Benchmark

  1. Introduction

  2. Supported Matrix

  3. Usage

Introduction

Intel Neural Compressor provides a command incbench to launch the Intel CPU performance benchmark.

To get the peak performance on Intel Xeon CPU, we should avoid crossing NUMA node in one instance.
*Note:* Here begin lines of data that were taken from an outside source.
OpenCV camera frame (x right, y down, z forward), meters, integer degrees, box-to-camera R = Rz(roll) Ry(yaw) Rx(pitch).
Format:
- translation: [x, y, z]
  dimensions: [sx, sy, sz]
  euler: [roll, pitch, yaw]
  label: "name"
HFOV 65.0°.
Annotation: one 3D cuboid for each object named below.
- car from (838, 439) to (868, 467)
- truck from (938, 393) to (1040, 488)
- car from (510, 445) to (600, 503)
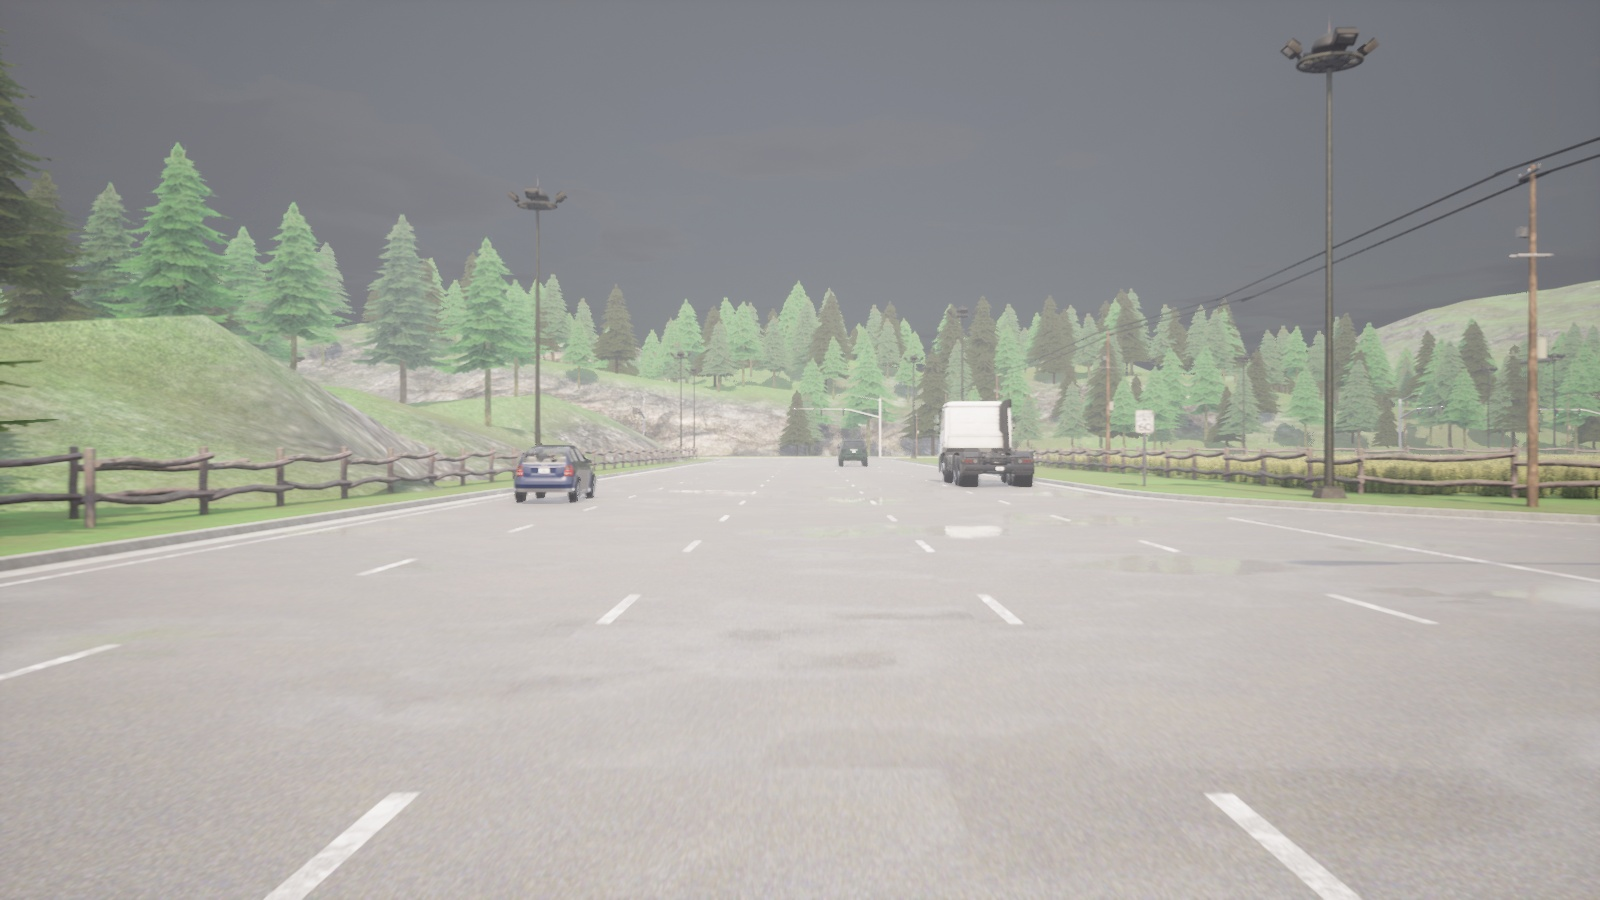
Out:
- translation: [4.073, 0.223, 96.970]
  dimensions: [2.150, 2.045, 5.566]
  euler: [0, 0, 0]
  label: "car"
- translation: [7.302, -0.355, 49.608]
  dimensions: [2.891, 3.462, 7.936]
  euler: [0, 0, 0]
  label: "truck"
- translation: [-6.783, 0.631, 35.113]
  dimensions: [1.789, 1.549, 3.705]
  euler: [0, 0, 0]
  label: "car"

Therefore, by default, incbench will trigger 1 instance on the first NUMA node.

Supported Matrix

Platform Status
Linux
Windows

Usage

Parameters Default comments
num_instances 1 Number of instances
num_cores_per_instance None Number of cores in each instance
C, cores 0-${num_cores_on_NUMA-1} decides the visible core range
cross_memory False whether to allocate memory cross NUMA

Note: cross_memory is set to True only when memory is insufficient.

General Use Cases

  1. incbench main.py: run 1 instance on NUMA:0.

  2. incbench --num_i 2 main.py: run 2 instances on NUMA:0.

  3. incbench --num_c 2 main.py: run multi-instances with 2 cores per instance on NUMA:0.

  4. incbench -C 24-47 main.py: run 1 instance on COREs:24-47.

  5. incbench -C 24-47 --num_c 4 main.py: run multi-instances with 4 COREs per instance on COREs:24-47.

Note: > - num_i works the same as num_instances > - num_c works the same as num_cores_per_instance

Dump Throughput and Latency Summary

To merge benchmark results from multi-instances, “incbench” automatically checks log file messages for “throughput” and “latency” information matching the following patterns.

throughput_pattern = r"[T,t]hroughput:\s*([0-9]*\.?[0-9]+)\s*([a-zA-Z/]*)"
latency_pattern = r"[L,l]atency:\s*([0-9]*\.?[0-9]+)\s*([a-zA-Z/]*)"

Demo usage

print("Throughput: {:.3f} samples/sec".format(throughput))
print("Latency: {:.3f} ms".format(latency * 10**3))